Records excerpted from a collection:
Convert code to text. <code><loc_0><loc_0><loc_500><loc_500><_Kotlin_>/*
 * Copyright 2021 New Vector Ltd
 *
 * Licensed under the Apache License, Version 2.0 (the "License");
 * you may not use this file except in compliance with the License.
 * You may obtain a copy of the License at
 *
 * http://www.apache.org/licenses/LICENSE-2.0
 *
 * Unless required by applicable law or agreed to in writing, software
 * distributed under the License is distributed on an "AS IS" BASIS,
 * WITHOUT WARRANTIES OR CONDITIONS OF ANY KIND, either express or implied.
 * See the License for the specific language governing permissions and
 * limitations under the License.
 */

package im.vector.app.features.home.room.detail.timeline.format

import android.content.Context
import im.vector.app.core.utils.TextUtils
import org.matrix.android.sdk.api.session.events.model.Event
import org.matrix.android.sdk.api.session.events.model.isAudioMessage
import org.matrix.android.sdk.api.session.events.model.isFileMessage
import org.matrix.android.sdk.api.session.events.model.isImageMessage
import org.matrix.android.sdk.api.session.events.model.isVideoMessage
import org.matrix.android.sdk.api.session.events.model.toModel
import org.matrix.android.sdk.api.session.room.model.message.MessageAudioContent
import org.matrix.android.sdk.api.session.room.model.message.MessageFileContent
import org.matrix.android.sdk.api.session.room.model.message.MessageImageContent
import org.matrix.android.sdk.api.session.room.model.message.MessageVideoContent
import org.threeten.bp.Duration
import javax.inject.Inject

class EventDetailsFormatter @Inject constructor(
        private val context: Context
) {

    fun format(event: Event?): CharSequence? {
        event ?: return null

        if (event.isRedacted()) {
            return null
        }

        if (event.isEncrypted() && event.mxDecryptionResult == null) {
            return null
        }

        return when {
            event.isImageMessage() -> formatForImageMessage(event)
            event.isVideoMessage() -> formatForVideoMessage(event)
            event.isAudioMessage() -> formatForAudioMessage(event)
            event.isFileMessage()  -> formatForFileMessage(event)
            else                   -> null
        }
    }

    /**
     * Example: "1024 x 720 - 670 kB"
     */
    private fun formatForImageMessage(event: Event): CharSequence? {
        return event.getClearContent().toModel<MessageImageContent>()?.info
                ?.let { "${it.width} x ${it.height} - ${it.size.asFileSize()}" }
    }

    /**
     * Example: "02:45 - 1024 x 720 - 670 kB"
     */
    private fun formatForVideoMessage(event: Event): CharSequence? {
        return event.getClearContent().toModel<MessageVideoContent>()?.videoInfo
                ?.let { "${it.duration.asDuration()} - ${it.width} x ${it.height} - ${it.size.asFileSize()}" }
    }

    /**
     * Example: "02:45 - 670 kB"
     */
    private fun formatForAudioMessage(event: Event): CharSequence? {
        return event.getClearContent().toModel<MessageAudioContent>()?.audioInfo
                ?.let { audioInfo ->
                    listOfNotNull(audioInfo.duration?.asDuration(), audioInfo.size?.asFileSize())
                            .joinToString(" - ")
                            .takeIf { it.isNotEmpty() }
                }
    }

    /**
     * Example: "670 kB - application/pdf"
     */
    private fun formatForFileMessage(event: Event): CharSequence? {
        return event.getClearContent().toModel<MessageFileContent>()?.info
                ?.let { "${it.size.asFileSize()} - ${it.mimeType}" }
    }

What to do:
Could you say how many lines in the data above contain "asDuration"? Reply with the number alone.

Result of the task:
2